## Supplied records

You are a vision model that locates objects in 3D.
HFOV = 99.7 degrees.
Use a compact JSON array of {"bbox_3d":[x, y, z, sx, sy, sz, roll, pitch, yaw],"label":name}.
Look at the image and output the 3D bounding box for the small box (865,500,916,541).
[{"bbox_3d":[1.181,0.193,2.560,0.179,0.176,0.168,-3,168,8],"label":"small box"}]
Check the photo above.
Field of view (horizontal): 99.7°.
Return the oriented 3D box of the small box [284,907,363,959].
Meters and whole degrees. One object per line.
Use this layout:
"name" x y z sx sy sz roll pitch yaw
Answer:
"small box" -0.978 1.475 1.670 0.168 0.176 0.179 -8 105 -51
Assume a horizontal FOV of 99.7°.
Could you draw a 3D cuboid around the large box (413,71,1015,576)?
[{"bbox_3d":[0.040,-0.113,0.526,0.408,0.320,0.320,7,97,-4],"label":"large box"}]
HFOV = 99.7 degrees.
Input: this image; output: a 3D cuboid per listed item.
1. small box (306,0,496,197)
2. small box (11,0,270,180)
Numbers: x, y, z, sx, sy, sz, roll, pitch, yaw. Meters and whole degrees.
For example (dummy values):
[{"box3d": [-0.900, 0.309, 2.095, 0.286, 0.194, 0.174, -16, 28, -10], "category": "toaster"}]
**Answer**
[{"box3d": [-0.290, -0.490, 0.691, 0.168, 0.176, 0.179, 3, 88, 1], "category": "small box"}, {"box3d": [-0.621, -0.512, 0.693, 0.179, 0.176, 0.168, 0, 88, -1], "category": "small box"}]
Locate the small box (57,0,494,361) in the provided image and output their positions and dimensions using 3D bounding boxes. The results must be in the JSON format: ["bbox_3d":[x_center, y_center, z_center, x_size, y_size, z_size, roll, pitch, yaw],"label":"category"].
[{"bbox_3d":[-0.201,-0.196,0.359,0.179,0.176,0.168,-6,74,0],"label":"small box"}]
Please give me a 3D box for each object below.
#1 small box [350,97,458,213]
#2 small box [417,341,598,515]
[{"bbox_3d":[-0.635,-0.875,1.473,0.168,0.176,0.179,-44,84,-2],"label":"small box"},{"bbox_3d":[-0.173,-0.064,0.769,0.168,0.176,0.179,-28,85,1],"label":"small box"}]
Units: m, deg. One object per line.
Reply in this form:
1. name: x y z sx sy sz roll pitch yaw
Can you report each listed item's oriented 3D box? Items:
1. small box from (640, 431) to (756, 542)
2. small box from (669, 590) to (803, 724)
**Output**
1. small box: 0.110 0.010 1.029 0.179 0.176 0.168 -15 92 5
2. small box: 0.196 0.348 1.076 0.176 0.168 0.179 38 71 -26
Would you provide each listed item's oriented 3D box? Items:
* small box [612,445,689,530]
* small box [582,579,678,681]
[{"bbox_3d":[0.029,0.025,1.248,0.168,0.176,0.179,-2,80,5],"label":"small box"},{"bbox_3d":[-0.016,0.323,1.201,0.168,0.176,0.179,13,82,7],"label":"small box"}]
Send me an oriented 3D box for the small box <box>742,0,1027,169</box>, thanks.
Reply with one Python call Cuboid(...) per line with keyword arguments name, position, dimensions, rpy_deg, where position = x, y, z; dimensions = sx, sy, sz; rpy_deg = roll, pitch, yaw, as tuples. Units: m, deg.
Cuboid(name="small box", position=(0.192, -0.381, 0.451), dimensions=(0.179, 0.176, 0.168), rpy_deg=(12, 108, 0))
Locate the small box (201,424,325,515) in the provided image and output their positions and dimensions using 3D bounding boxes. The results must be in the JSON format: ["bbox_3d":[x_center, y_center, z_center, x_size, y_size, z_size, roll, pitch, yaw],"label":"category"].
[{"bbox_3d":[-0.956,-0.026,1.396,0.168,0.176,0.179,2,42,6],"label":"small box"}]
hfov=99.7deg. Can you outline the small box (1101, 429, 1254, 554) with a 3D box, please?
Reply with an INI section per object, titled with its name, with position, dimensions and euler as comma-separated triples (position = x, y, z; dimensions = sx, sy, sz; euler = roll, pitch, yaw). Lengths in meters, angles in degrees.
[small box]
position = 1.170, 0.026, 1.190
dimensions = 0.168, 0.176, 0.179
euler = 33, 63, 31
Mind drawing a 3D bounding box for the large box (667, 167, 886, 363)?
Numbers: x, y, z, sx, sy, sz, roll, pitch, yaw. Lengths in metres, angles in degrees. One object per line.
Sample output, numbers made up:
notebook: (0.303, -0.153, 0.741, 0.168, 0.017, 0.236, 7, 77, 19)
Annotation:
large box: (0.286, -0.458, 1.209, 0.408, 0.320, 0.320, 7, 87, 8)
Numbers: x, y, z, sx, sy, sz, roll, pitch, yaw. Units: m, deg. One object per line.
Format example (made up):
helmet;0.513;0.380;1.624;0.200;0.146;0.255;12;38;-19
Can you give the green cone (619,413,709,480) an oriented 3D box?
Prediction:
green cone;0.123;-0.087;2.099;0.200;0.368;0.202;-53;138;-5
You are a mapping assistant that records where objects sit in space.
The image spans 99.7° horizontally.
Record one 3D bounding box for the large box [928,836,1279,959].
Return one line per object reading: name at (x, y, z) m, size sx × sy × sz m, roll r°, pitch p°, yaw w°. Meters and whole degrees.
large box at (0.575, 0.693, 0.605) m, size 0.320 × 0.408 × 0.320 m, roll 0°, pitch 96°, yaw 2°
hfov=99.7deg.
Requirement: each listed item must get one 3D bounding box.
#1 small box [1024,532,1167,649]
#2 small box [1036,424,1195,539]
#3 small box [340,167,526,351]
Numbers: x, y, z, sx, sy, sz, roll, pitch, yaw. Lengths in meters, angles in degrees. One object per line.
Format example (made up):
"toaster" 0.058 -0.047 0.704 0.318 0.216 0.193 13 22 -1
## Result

## What the exercise asks
Each line in the listing either holds the word "item" or does not. Report how many do, as a bare number.

## Exercise result
4